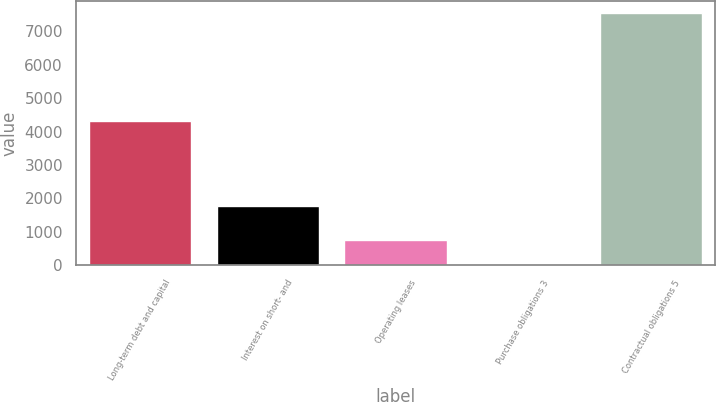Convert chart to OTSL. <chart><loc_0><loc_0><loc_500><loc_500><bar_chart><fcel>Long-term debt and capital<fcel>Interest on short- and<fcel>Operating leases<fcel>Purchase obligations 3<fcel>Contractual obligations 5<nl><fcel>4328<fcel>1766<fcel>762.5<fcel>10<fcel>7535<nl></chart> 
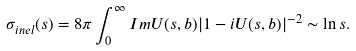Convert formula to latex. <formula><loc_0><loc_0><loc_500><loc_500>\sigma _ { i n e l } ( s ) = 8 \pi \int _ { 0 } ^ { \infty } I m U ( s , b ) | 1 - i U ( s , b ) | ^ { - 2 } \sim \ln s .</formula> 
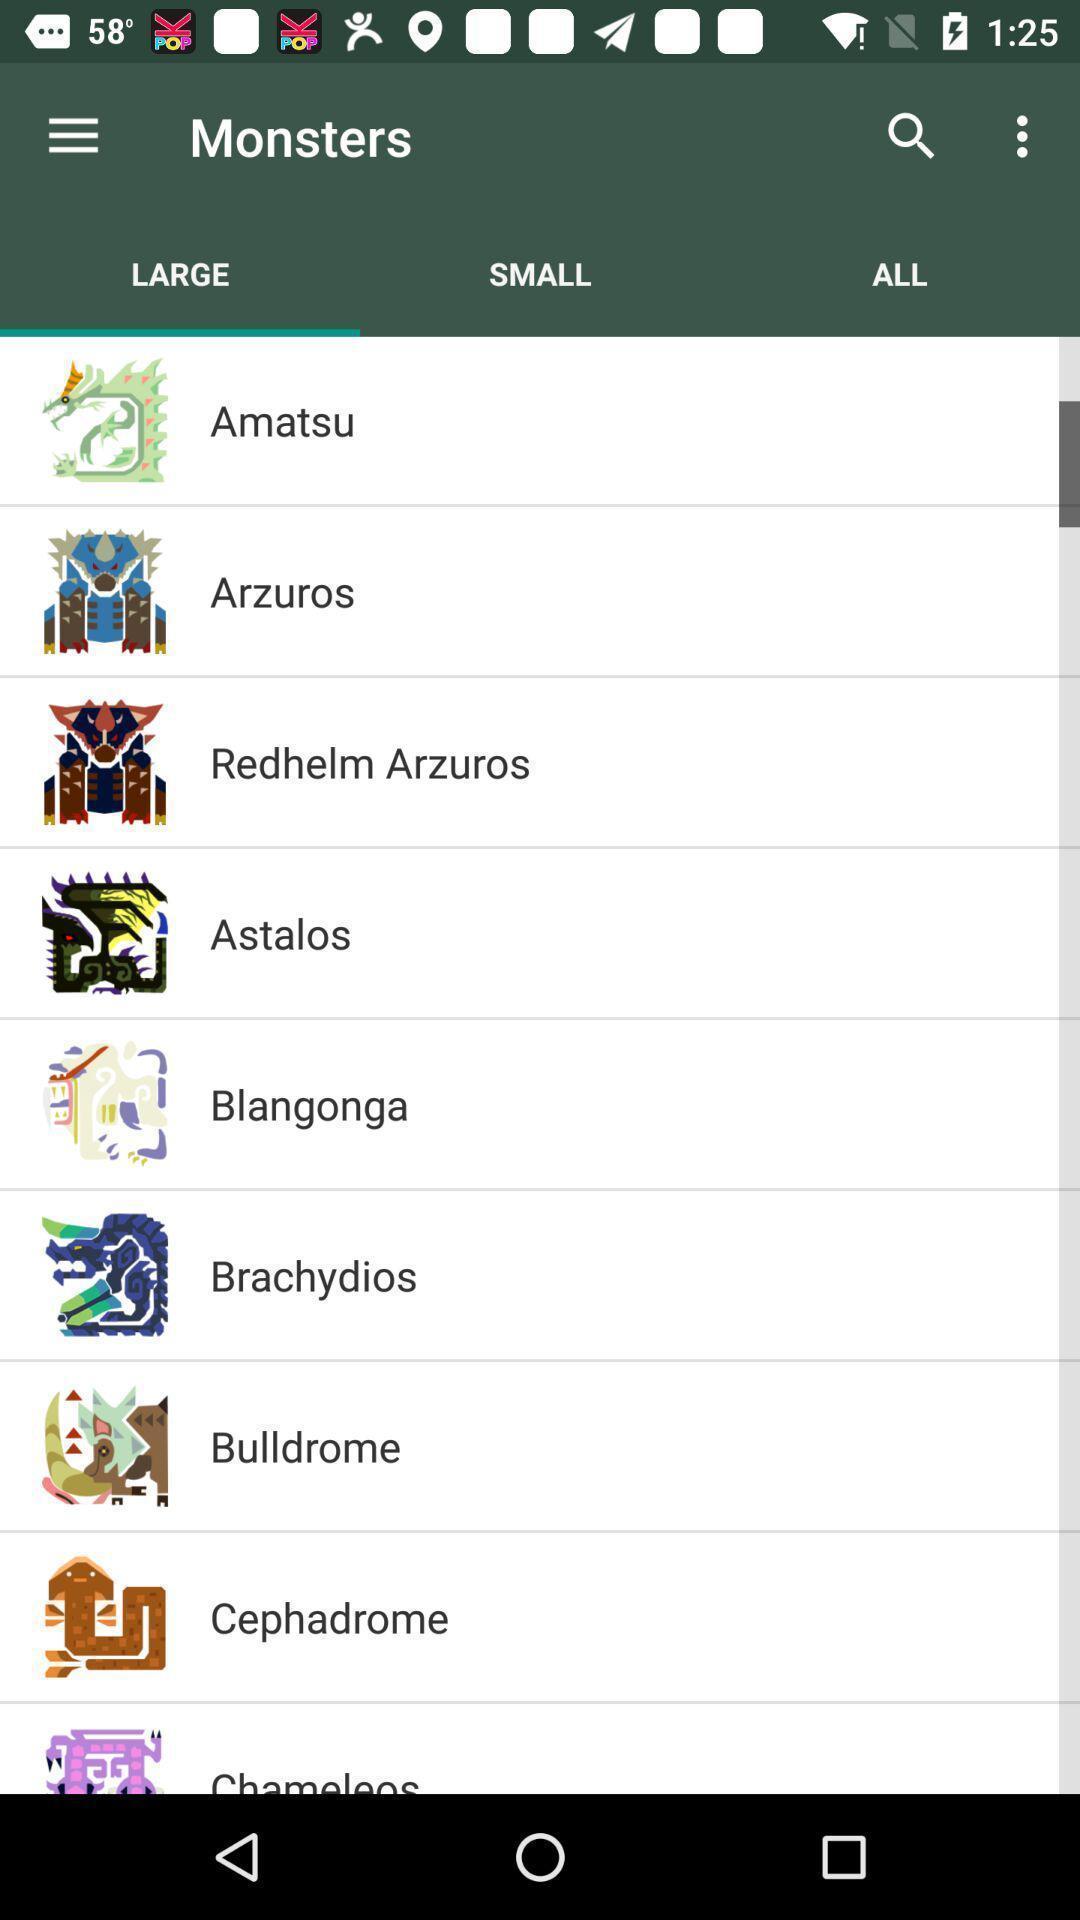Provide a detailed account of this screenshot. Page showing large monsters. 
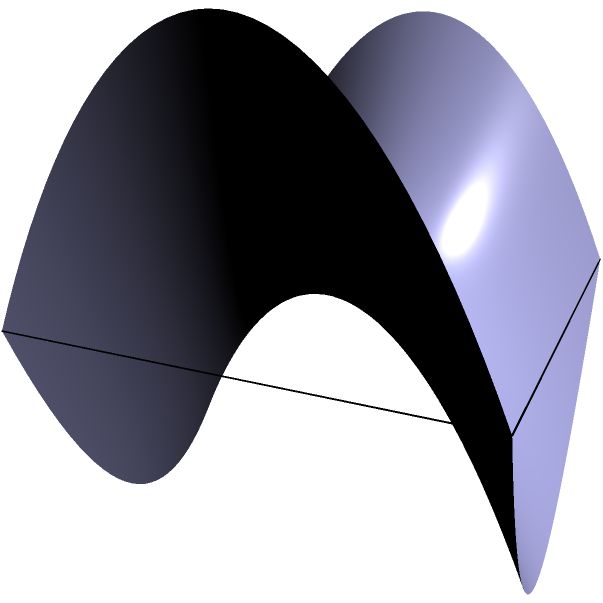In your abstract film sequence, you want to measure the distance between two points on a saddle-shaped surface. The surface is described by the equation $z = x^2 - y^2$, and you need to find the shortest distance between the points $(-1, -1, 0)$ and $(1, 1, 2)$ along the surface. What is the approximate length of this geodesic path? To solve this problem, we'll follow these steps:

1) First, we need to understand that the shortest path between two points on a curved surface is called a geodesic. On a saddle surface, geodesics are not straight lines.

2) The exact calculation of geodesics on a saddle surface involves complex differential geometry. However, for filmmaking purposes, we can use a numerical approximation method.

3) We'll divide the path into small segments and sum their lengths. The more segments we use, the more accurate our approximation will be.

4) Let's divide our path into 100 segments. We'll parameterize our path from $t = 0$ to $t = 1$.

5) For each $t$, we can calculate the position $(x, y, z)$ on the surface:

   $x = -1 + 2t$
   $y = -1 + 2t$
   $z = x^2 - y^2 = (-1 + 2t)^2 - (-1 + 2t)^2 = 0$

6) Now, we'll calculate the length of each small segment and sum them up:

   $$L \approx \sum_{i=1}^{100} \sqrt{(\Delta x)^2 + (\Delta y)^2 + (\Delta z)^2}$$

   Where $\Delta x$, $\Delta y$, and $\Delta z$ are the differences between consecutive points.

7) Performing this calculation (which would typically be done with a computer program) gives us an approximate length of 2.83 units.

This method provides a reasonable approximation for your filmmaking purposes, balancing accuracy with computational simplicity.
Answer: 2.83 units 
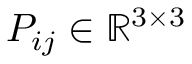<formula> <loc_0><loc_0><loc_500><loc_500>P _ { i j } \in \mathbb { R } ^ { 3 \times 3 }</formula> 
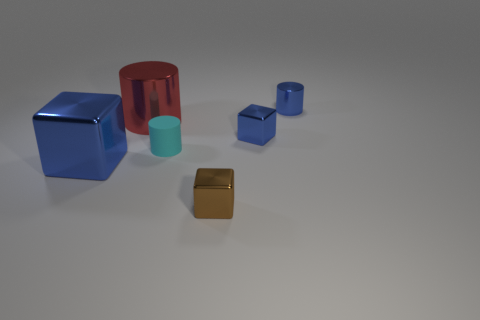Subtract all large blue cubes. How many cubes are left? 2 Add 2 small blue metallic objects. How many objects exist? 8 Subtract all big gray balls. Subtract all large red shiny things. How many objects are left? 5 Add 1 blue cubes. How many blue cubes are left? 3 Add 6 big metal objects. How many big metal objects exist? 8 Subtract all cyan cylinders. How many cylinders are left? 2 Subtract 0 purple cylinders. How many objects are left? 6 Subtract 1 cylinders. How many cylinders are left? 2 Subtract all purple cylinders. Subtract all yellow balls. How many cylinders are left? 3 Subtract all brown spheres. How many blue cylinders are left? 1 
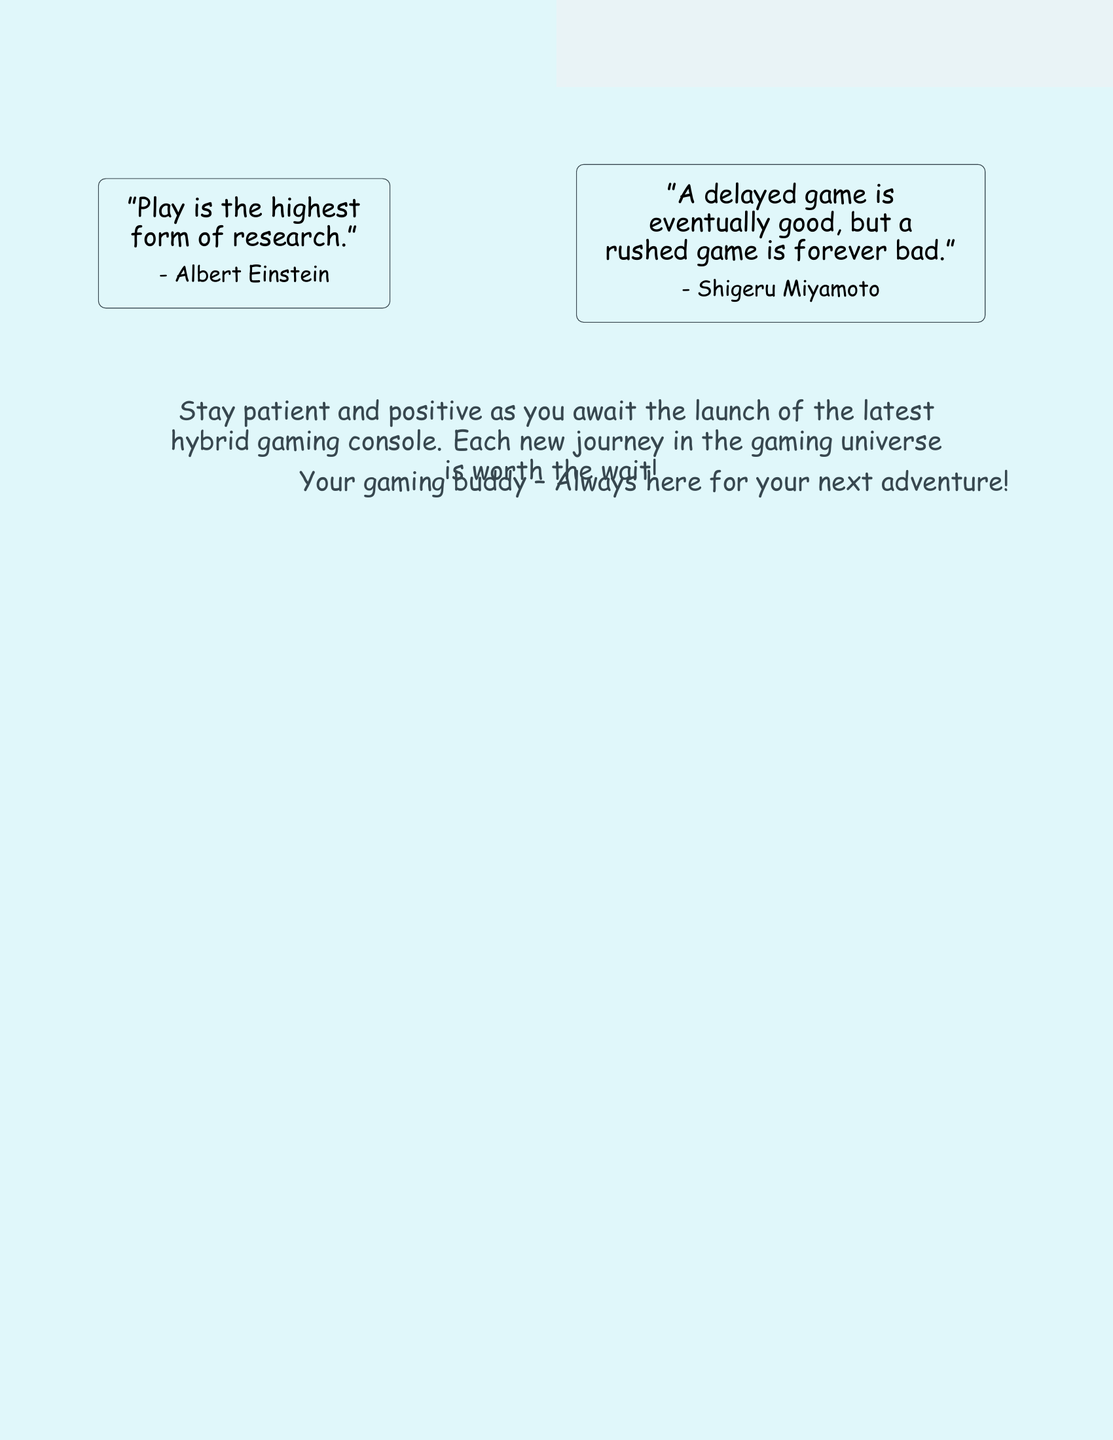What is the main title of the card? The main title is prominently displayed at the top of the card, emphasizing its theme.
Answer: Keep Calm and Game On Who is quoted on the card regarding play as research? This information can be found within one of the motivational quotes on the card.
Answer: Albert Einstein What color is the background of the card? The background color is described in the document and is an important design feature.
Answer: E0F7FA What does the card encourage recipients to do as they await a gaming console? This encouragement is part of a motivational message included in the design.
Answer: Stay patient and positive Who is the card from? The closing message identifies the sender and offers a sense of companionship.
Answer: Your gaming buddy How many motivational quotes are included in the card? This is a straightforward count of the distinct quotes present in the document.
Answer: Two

* _WORK ORDER_: Above are the lines; repeat exactly the ones from the line containing "3) We'll divide" down to the line containing "x)^2 + (\Delta", both inclusive.

* _RESPONSE BELOW_:
3) We'll divide the path into small segments and sum their lengths. The more segments we use, the more accurate our approximation will be.

4) Let's divide our path into 100 segments. We'll parameterize our path from $t = 0$ to $t = 1$.

5) For each $t$, we can calculate the position $(x, y, z)$ on the surface:

   $x = -1 + 2t$
   $y = -1 + 2t$
   $z = x^2 - y^2 = (-1 + 2t)^2 - (-1 + 2t)^2 = 0$

6) Now, we'll calculate the length of each small segment and sum them up:

   $$L \approx \sum_{i=1}^{100} \sqrt{(\Delta x)^2 + (\Delta y)^2 + (\Delta z)^2}$$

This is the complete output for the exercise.